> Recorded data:
☆ ☆ ☆ ☆ ☆ ☆ ☆

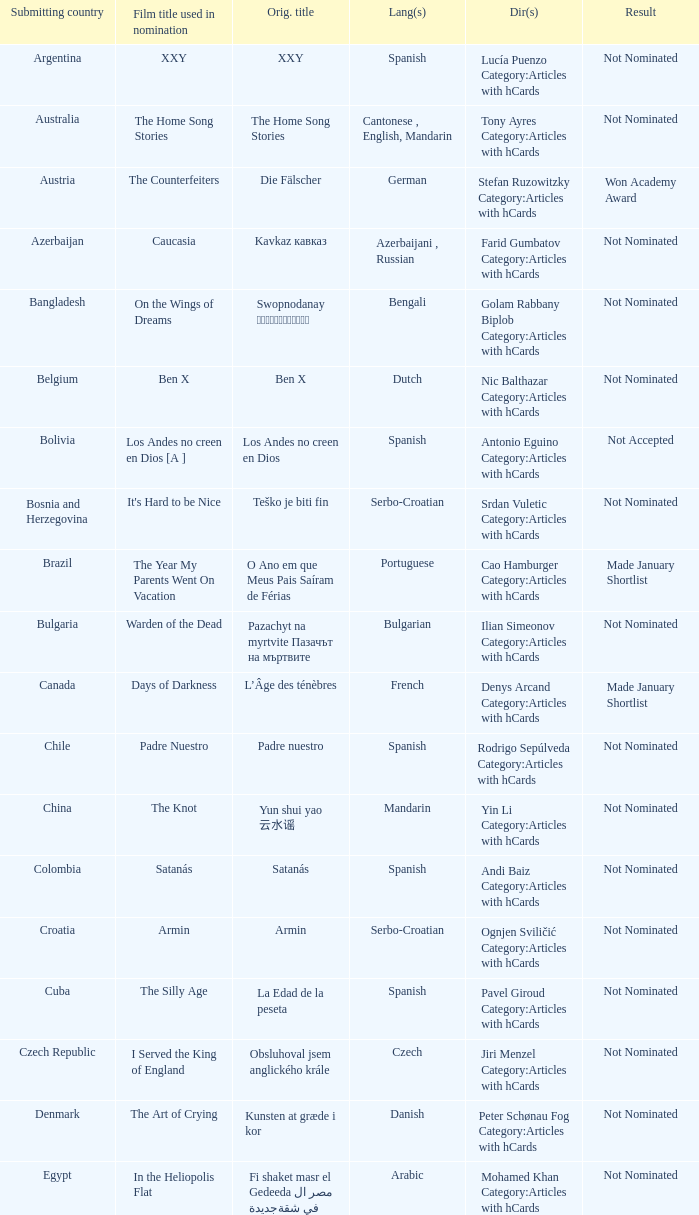What country submitted the movie the orphanage? Spain. 
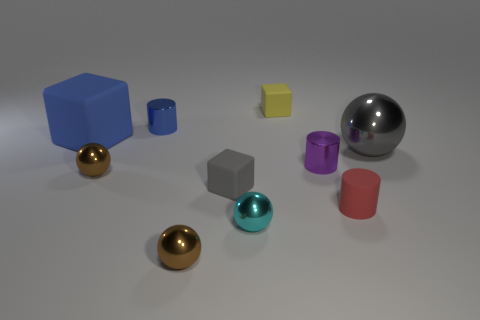What shape is the thing that is the same color as the big ball?
Offer a very short reply. Cube. The brown thing on the left side of the small metallic cylinder behind the shiny cylinder right of the small yellow thing is made of what material?
Your answer should be compact. Metal. Does the metal thing to the right of the tiny purple metallic object have the same shape as the blue matte object?
Offer a terse response. No. There is a big object on the right side of the big blue matte block; what material is it?
Provide a succinct answer. Metal. What number of rubber objects are either spheres or objects?
Offer a terse response. 4. Is there a purple matte thing that has the same size as the blue metal cylinder?
Keep it short and to the point. No. Are there more small purple shiny cylinders that are behind the yellow cube than metal blocks?
Give a very brief answer. No. How many big objects are either blue shiny things or cyan balls?
Provide a short and direct response. 0. How many other big matte objects are the same shape as the cyan object?
Ensure brevity in your answer.  0. What is the material of the tiny block that is in front of the tiny purple shiny object left of the red rubber object?
Provide a succinct answer. Rubber. 
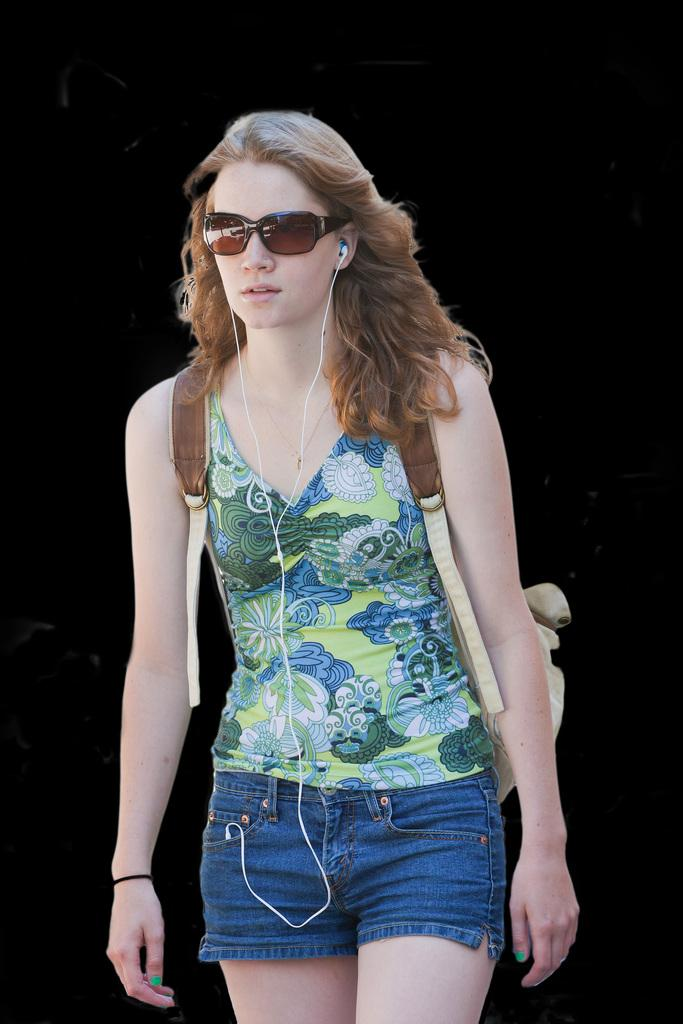Who is the main subject in the image? There is a lady in the image. Where is the lady positioned in the image? The lady is standing in the center of the image. What is the lady carrying on her back? The lady is wearing a backpack. What accessory is the lady wearing on her face? The lady is wearing glasses. What type of tin can be seen on the bed in the image? There is no tin or bed present in the image; it features a lady standing in the center.

☆ ☆ ☆ ☆ ☆ ☆ ☆

> TASK DIRECTIONS: From the records above, transcribe without alteration every line from the one with "Keep it short" to the one with "Give a very", inclusive.

> THE ANSWER:
Keep it short and to the point. No. Are there more small purple shiny cylinders that are behind the yellow cube than metal blocks?
Give a very brief answer. No. How many big objects are either blue shiny things or cyan balls?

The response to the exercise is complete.